- Dataset records -
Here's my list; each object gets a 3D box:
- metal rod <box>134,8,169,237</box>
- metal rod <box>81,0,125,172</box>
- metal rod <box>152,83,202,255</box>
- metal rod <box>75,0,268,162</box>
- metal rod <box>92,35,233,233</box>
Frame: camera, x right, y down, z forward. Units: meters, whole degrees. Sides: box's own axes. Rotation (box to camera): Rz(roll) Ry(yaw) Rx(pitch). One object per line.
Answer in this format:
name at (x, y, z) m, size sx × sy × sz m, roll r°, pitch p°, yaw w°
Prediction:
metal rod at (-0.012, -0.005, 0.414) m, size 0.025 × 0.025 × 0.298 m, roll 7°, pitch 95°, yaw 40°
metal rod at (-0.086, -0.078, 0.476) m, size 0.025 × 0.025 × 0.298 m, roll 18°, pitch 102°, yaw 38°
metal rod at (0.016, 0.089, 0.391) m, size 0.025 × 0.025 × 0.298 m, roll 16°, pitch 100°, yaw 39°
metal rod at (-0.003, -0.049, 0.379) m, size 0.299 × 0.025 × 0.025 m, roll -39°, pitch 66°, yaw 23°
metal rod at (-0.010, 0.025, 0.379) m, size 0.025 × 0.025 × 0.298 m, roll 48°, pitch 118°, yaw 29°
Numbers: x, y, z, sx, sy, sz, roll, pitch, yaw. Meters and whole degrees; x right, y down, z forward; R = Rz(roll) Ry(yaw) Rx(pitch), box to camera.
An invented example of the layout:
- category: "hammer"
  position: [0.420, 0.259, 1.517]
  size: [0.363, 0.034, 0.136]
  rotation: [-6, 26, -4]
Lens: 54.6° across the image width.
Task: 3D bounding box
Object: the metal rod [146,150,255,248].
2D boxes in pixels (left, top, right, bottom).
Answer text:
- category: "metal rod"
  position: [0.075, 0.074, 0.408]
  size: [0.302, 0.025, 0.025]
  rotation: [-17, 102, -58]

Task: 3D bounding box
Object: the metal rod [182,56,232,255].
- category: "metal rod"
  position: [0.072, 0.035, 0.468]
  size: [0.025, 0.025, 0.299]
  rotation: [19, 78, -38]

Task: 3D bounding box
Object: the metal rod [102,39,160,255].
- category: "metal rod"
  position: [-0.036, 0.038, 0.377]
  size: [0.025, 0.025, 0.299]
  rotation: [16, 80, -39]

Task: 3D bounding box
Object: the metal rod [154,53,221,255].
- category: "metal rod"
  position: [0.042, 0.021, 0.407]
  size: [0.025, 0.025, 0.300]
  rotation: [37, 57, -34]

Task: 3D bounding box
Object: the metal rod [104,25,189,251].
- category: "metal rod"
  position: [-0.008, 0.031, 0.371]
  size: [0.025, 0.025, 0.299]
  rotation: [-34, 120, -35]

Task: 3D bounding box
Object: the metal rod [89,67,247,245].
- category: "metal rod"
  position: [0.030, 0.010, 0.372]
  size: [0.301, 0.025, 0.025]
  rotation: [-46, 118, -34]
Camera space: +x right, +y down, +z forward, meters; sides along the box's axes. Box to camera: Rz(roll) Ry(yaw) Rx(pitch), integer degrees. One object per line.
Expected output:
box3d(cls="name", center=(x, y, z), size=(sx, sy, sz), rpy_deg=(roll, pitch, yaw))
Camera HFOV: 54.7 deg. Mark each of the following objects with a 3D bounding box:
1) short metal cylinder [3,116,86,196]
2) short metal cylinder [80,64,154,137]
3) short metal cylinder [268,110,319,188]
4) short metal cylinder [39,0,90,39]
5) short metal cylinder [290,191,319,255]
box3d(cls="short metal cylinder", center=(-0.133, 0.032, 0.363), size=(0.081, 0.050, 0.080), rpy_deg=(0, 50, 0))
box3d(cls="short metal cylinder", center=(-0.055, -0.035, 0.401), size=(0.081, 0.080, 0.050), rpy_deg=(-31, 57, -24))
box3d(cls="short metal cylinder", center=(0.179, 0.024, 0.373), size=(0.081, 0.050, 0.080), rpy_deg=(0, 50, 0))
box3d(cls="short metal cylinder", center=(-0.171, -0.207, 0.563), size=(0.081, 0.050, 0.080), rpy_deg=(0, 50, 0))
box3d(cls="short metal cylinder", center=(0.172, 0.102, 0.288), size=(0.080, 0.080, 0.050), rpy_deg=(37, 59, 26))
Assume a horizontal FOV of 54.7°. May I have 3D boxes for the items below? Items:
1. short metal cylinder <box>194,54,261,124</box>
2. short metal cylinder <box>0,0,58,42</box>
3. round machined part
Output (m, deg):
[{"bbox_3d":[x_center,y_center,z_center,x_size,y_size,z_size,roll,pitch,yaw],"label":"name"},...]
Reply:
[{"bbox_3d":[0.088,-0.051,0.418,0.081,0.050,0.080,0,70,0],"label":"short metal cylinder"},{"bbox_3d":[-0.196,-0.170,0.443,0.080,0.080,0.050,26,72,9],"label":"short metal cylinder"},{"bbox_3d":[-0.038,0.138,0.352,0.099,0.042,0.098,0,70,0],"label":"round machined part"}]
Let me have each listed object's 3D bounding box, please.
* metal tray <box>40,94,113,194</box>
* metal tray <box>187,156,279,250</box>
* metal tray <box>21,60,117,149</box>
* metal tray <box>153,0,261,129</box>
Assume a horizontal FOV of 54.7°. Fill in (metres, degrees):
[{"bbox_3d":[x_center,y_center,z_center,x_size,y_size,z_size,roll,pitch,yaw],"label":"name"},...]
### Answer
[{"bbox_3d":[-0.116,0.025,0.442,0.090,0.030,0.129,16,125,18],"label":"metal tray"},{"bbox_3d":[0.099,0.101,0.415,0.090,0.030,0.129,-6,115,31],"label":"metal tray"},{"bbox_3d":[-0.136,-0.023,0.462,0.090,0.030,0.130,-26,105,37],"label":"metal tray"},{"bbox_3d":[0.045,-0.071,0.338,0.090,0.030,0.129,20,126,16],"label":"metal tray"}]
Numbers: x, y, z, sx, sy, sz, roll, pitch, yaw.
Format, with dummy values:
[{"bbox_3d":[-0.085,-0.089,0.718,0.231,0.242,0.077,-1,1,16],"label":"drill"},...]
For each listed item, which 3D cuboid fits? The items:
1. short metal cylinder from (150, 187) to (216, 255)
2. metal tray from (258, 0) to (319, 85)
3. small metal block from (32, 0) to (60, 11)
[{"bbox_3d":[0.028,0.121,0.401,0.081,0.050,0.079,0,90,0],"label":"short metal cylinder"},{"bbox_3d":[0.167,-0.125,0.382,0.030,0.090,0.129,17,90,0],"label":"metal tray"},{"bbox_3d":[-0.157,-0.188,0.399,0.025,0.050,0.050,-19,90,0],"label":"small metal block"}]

- Task -
From the line that contains "metal tray <box>21,60,117,149</box>" down to the last line above, print each line exactly as it appears.

- Finished task -
* metal tray <box>21,60,117,149</box>
* metal tray <box>153,0,261,129</box>
Assume a horizontal FOV of 54.7°. Fill in (metres, degrees):
[{"bbox_3d":[x_center,y_center,z_center,x_size,y_size,z_size,roll,pitch,yaw],"label":"name"},...]
### Answer
[{"bbox_3d":[-0.116,0.025,0.442,0.090,0.030,0.129,16,125,18],"label":"metal tray"},{"bbox_3d":[0.099,0.101,0.415,0.090,0.030,0.129,-6,115,31],"label":"metal tray"},{"bbox_3d":[-0.136,-0.023,0.462,0.090,0.030,0.130,-26,105,37],"label":"metal tray"},{"bbox_3d":[0.045,-0.071,0.338,0.090,0.030,0.129,20,126,16],"label":"metal tray"}]
Numbers: x, y, z, sx, sy, sz, roll, pitch, yaw.
Format, with dummy values:
[{"bbox_3d":[-0.085,-0.089,0.718,0.231,0.242,0.077,-1,1,16],"label":"drill"},...]
For each listed item, which 3D cuboid fits? The items:
1. short metal cylinder from (150, 187) to (216, 255)
2. metal tray from (258, 0) to (319, 85)
3. small metal block from (32, 0) to (60, 11)
[{"bbox_3d":[0.028,0.121,0.401,0.081,0.050,0.079,0,90,0],"label":"short metal cylinder"},{"bbox_3d":[0.167,-0.125,0.382,0.030,0.090,0.129,17,90,0],"label":"metal tray"},{"bbox_3d":[-0.157,-0.188,0.399,0.025,0.050,0.050,-19,90,0],"label":"small metal block"}]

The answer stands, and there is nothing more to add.